Diversifying your business into new products, services or markets can be an effective way to minimise risk in your business or rapidly grow your business. But diversification will offer you opportunities and risks and can have both a negative impact on your financials in the short term but could prove highly profitable in the longer term.
What is business diversification?
Diversification is both a growth and risk strategy for a business. Diversifying business activities allows companies to thrive by managing risk and expanding into new markets or new products and services. Diversifying can involve radical steps such as acquiring a new business or moving into something completely different.
What are the examples of diversification?
Diversification can involve any of the following:
- Acquiring or developing new products or services that appeal to your current customer base.
- Adding new products that have sales and marketing or technology synergies.
- Adding new products or services unrelated to your core business or current customers.
- Exploring new markets (either in your current countries of operation or abroad).
- Acquiring or expanding in the production or supply chain of your product.
What are the advantages of diversification?
There can be many advantages of diversification.
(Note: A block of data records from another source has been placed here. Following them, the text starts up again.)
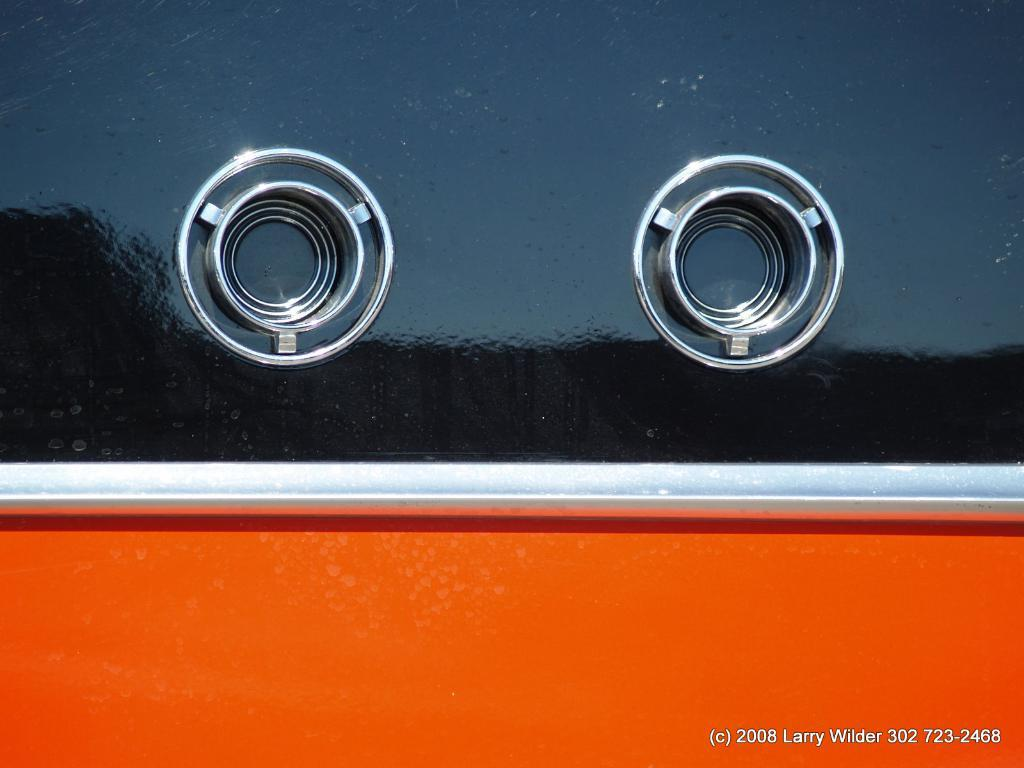What is the main object in the image? There is an object in black and red color in the image, which resembles a car. What are the round objects in the middle of the image? The round objects in the middle of the image look like interior door panels. What type of sound can be heard coming from the car in the image? There is no sound present in the image, as it is a still image and not a video or audio recording. 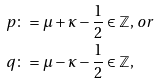Convert formula to latex. <formula><loc_0><loc_0><loc_500><loc_500>p & \colon = \mu + \kappa - \frac { 1 } { 2 } \in \mathbb { Z } , \, o r \\ q & \colon = \mu - \kappa - \frac { 1 } { 2 } \in \mathbb { Z } ,</formula> 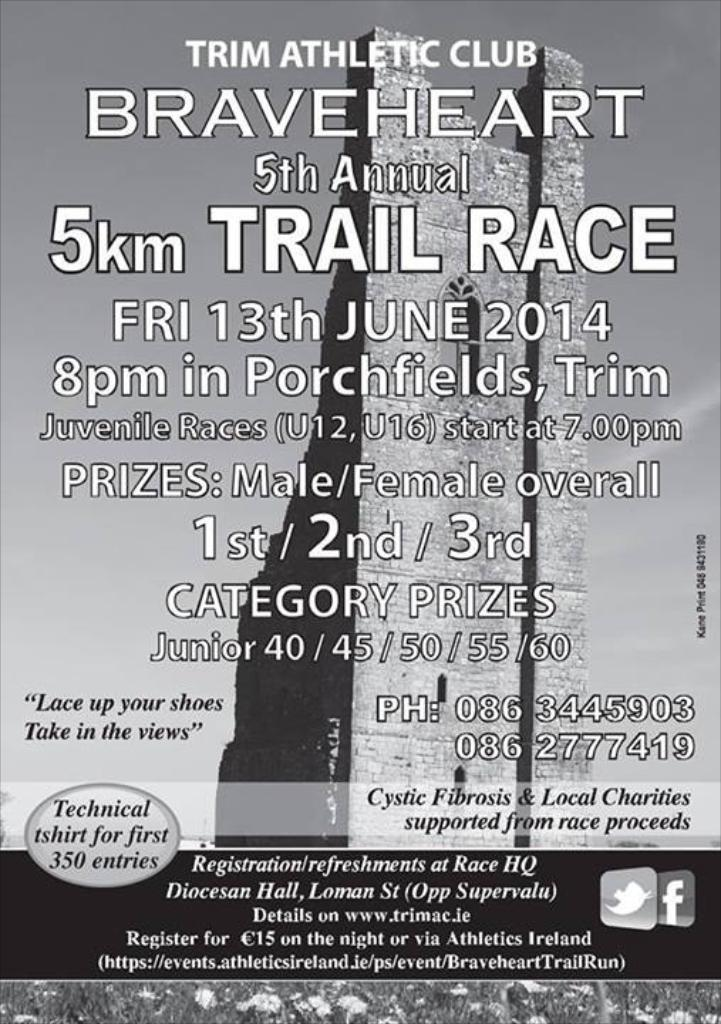<image>
Give a short and clear explanation of the subsequent image. The Trim Athletic Club sponsored the fifth annual 5km Trail Race on June 13, 2014.

Below are just some benefits you may achieve through diversification in your business.
- New revenue streams.
- Growth in market share.
- Increased sales and revenue.
- Higher profits.
- Minimise financial risk.
- Increase your business value.
- Limit the impact of changes in the market or economy.
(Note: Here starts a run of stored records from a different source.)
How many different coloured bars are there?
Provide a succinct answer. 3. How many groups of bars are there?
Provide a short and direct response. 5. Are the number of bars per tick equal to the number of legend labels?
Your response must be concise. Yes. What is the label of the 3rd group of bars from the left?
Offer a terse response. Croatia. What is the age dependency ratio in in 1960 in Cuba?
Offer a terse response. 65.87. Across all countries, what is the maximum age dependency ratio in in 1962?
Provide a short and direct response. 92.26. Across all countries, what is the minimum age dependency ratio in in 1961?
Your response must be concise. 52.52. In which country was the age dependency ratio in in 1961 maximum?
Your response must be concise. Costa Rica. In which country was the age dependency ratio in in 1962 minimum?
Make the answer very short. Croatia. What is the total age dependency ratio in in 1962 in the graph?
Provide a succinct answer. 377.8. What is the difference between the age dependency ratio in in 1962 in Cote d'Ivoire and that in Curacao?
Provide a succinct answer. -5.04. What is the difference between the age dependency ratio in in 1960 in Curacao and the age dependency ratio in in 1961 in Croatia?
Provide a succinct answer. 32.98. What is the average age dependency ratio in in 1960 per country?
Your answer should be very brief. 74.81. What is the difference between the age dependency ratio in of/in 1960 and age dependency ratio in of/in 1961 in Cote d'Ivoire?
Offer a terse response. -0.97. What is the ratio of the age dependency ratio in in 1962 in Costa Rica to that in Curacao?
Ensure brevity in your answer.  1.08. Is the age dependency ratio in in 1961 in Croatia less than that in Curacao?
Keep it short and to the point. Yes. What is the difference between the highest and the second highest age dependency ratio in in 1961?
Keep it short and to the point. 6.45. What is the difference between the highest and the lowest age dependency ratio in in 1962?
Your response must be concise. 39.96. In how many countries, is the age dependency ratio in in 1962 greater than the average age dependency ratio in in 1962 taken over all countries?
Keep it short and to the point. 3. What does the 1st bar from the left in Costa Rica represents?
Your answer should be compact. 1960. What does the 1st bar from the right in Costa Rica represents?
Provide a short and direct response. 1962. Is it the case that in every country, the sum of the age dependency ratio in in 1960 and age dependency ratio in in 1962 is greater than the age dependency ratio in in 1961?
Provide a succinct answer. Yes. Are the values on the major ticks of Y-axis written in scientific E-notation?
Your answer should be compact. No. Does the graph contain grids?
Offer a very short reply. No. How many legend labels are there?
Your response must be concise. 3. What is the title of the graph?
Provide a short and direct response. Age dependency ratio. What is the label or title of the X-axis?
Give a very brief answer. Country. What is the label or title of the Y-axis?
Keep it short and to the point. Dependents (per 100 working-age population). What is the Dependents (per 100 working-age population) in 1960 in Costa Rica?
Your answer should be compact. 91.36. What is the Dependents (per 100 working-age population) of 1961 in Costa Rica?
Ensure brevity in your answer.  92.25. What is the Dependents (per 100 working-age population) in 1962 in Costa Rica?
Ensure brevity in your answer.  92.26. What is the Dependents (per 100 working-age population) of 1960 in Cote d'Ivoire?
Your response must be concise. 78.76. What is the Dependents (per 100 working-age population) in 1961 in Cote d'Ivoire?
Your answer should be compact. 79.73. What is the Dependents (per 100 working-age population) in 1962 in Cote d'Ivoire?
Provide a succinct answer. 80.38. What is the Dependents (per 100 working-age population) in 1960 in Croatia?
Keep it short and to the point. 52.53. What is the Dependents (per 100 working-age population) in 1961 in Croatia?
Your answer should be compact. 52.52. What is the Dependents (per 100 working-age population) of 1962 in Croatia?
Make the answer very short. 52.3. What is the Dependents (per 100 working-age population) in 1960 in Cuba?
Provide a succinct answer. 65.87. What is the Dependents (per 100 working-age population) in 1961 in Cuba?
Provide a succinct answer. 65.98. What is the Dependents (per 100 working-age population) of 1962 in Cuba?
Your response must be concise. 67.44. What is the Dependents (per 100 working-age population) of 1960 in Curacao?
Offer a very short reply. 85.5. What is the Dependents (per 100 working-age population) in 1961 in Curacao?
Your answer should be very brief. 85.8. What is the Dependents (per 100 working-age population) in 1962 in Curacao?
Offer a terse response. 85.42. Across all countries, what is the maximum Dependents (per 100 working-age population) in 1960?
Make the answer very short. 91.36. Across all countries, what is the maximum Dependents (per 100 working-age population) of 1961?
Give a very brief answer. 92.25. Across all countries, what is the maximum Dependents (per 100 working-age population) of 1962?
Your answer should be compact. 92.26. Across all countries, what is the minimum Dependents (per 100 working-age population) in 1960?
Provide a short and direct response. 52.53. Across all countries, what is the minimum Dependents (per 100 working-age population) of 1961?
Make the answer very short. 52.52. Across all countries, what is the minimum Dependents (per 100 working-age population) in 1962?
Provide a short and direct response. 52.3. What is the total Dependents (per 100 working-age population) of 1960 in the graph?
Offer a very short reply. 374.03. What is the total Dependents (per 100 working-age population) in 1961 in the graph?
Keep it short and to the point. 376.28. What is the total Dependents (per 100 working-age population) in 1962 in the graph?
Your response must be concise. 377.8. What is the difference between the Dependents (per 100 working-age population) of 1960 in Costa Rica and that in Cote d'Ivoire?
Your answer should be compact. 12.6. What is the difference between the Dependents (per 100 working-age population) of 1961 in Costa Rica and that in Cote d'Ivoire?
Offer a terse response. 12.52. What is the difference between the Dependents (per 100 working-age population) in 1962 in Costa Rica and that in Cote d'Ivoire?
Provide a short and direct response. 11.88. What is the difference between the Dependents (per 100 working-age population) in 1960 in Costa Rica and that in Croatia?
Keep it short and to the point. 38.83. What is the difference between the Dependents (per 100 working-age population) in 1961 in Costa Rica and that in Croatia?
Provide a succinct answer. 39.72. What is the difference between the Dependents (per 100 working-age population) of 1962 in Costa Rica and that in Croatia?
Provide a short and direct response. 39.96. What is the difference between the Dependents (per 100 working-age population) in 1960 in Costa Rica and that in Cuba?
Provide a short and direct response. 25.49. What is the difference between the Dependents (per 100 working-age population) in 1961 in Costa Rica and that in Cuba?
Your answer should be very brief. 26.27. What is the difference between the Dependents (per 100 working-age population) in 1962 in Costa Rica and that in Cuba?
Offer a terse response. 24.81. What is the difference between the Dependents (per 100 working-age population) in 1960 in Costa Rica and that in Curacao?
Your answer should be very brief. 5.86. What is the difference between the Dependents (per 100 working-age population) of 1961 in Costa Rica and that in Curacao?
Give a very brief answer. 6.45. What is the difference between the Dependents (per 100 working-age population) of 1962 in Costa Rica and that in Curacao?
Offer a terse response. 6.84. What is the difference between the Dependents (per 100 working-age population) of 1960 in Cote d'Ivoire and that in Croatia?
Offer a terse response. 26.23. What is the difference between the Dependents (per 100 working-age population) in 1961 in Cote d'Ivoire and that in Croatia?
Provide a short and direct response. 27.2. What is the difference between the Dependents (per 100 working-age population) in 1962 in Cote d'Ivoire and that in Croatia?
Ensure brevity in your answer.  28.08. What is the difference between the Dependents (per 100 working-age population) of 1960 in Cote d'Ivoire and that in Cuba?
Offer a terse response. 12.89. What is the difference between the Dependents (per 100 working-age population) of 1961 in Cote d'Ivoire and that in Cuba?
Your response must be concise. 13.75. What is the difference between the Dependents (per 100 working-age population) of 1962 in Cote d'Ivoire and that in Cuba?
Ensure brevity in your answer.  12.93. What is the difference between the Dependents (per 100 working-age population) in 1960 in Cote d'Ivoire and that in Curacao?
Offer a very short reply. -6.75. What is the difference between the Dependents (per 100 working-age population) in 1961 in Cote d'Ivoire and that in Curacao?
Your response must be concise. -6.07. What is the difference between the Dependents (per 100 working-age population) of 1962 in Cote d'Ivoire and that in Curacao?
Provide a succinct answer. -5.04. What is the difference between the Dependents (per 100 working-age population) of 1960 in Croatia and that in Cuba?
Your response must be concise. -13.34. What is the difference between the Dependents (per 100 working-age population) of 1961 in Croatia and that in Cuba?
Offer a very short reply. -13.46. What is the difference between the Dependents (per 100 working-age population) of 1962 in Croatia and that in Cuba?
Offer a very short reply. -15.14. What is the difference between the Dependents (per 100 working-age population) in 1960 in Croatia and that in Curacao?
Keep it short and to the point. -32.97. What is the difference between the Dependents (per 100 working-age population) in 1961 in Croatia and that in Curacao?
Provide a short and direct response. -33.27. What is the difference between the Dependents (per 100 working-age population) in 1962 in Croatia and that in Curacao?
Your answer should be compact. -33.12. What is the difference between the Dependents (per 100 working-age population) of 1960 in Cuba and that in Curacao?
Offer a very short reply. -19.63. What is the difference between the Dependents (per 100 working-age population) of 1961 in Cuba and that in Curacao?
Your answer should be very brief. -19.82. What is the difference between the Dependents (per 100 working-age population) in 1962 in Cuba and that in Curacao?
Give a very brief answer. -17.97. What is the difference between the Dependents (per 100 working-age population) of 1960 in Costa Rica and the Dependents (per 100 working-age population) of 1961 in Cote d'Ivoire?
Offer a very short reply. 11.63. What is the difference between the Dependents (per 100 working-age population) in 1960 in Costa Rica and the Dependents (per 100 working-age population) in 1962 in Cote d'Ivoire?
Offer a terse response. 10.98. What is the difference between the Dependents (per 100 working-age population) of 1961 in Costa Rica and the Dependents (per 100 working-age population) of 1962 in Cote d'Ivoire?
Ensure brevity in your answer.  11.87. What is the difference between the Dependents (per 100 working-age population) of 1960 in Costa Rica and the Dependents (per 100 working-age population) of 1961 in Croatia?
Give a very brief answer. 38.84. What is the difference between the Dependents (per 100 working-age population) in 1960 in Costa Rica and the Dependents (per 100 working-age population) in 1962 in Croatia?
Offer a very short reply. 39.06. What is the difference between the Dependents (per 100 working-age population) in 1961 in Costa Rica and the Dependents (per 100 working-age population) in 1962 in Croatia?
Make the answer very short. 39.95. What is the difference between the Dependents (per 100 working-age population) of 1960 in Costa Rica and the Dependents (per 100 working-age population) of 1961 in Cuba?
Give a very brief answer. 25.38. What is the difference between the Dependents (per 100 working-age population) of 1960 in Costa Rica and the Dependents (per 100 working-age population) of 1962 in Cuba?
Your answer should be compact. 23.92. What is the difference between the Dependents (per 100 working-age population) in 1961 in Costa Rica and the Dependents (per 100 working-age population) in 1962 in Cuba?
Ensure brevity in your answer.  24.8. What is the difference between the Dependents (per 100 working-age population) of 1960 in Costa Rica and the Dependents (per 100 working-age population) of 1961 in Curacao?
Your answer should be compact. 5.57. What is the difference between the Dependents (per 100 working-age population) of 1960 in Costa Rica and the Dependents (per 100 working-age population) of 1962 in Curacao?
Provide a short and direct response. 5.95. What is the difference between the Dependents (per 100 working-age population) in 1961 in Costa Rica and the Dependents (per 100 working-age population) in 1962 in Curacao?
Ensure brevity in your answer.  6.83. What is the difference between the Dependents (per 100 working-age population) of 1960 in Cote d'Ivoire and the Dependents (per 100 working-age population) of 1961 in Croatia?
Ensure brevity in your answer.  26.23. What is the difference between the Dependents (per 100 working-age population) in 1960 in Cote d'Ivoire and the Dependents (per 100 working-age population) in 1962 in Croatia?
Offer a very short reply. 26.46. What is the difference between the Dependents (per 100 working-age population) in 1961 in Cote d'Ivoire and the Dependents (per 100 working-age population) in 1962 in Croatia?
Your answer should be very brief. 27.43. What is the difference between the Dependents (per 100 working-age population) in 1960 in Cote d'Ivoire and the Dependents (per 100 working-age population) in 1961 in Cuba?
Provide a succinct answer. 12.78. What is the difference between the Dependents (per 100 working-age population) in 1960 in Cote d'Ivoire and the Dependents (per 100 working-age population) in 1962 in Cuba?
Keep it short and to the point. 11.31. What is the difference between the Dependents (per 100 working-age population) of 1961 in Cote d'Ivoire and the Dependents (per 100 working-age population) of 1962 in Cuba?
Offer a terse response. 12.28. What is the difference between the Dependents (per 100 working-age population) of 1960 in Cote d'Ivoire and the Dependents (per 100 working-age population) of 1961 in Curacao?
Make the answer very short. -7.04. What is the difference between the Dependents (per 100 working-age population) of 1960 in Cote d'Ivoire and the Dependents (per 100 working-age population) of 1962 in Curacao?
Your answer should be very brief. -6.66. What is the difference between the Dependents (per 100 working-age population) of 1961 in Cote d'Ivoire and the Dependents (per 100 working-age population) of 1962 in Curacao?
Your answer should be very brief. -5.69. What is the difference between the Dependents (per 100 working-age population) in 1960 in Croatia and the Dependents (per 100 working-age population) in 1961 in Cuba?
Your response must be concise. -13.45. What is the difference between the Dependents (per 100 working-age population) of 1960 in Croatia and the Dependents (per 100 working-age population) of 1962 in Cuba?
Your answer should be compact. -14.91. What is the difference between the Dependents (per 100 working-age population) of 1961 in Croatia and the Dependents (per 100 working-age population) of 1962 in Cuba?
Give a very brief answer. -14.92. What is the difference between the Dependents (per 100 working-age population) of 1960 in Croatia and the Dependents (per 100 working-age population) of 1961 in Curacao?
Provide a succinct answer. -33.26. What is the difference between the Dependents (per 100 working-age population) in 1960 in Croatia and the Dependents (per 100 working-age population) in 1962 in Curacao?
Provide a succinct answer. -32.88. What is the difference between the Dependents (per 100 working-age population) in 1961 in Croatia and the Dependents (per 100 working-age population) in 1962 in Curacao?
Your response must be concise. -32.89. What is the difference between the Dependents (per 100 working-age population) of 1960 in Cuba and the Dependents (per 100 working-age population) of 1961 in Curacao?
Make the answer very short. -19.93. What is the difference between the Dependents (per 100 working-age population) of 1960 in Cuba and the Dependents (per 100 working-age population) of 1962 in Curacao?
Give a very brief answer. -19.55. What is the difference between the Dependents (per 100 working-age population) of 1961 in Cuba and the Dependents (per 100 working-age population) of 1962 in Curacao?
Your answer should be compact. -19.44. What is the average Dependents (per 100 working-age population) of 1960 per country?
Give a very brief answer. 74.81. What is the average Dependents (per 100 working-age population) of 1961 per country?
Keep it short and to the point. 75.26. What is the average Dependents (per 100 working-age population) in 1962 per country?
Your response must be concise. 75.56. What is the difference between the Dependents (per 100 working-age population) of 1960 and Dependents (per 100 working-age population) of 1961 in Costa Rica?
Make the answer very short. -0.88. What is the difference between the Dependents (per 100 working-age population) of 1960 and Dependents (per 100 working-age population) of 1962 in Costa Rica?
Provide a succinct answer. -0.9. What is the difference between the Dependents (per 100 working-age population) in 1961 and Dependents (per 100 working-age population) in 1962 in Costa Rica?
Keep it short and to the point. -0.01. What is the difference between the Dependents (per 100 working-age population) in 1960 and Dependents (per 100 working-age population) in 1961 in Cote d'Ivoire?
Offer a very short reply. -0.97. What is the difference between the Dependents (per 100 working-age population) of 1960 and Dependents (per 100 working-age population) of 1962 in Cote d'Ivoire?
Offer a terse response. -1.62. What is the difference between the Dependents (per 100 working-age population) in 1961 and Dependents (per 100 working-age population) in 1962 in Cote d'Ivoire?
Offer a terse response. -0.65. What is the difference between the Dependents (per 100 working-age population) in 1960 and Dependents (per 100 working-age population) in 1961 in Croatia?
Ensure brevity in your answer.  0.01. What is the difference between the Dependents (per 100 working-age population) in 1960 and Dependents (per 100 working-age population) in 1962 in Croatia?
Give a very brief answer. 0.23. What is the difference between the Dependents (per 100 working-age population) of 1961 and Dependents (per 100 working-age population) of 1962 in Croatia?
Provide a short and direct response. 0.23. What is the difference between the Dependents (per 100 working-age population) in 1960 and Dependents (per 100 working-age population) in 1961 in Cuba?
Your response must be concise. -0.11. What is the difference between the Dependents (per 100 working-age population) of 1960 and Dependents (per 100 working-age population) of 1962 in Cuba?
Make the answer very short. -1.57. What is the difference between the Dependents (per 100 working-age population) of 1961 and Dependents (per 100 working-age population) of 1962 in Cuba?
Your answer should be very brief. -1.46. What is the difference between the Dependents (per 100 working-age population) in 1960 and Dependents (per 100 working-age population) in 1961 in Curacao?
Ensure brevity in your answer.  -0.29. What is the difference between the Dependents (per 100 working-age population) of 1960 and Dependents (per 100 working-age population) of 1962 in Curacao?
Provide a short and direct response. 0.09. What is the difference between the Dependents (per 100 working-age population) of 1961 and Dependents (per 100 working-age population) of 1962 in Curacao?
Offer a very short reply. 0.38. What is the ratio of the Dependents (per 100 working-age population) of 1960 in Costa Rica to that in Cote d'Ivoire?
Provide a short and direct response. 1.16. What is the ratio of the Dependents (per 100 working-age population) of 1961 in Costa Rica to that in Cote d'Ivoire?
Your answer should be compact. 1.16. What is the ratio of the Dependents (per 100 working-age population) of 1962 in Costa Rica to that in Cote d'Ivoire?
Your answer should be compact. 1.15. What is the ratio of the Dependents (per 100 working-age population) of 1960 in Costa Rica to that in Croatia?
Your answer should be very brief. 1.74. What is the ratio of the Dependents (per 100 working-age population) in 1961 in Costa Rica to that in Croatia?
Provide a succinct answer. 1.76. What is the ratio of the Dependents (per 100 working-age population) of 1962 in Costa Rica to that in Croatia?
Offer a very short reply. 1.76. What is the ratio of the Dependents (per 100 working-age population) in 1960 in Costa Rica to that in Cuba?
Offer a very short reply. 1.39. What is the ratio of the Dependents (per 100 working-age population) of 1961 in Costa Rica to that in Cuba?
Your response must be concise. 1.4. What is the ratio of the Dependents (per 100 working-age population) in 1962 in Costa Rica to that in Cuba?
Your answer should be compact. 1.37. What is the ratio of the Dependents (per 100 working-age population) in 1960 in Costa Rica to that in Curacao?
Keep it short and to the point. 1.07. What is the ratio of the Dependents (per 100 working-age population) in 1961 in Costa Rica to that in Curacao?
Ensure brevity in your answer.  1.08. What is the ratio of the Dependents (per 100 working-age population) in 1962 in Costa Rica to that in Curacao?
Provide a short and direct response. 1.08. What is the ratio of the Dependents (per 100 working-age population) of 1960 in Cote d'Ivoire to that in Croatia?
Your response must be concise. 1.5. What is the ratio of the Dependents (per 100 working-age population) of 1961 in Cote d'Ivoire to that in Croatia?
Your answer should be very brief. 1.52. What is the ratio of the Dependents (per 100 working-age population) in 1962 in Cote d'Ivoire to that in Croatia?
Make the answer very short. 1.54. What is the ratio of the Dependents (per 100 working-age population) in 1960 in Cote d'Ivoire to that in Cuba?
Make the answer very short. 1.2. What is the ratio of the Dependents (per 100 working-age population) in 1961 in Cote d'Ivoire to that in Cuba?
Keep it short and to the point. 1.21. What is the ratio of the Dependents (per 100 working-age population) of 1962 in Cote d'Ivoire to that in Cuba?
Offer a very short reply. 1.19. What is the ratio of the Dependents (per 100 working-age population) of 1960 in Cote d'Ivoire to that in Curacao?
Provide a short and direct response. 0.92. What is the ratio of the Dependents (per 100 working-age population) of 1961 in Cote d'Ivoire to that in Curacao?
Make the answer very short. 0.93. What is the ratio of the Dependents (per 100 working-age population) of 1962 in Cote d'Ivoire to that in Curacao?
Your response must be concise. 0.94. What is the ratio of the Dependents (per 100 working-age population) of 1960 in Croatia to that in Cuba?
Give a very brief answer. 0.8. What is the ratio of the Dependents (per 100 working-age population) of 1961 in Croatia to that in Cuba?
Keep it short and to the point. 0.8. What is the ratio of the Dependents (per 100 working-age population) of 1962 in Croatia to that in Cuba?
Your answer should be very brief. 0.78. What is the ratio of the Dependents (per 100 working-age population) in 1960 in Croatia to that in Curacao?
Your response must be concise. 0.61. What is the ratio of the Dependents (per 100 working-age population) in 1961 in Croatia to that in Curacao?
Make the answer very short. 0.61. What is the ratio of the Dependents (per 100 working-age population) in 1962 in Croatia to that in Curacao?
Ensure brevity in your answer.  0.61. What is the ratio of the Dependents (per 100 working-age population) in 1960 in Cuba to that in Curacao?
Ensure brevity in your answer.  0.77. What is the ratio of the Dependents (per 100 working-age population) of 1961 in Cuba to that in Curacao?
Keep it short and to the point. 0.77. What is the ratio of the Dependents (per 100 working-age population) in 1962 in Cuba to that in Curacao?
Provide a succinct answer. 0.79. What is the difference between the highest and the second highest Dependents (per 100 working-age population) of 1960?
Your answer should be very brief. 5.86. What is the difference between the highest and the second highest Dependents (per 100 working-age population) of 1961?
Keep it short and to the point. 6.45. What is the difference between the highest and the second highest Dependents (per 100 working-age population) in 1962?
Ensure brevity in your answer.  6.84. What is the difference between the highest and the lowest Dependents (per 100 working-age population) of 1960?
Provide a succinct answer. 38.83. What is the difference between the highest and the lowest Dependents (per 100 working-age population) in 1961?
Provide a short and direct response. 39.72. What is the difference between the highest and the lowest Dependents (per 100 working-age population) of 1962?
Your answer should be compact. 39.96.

- Maximise the use of potentially underutilised resources.
What are the disadvantages of diversification?
You should be aware of potential disadvantages of business diversification before you decide to take this route to grow your business.
- Diverting money and resources into diversification could limit potential growth in core areas of your business.
- If your business or team lack the skills and expertise for the diversification, it could hinder your progress, lead to mistakes or costly delays.
- Diversification may cause you to stretch resources too widely leading to lack of cashflow, affect levels of service or losing staff.
- You could find that by diversifying your lose track of or limit control of the rest of your business.
- Diversification could dilute your core brand and messaging and can confuse your customers or make them believe that you are no longer a leader in your area because you don’t specialise.
- You’ll require additional funds to diversify - there may be acquisition costs orstartup costs and the added overhead needed to achieve increased sales goals.Short-term capital needs and debt expense to fund the diversification might be too high.
- Reduce productivity may be a result if employees now have to multi-task or learn new skills.
Financial aspects to consider when diversifying
When looking to diversify you need to consider the financial impact that diversification may have which include:
- Funding needed for acquisitions.
- Financing for new equipment, premises etc.
- Increased operational costs to fund diversification including people, technology, marketing.
- Increase in revenue.
- Increase or decrease in business value.
Doing what you’ve always done may not be the best strategy to grow your business longer term. Diversification can offer businesses alternatives routes to growth, increased revenue& profits, less risk, and increased business value. However, diversification needs careful planning and considerations on both the positive and negative impact on your current business.
Maybe you’re considering diversification to grow and prosper or merely to survive in the future, but whatever the reason it’s wise to not rush in. It may take you out of your comfort zone and may divert your attention away from your core business, but it also may well bring you big advantages and rewards.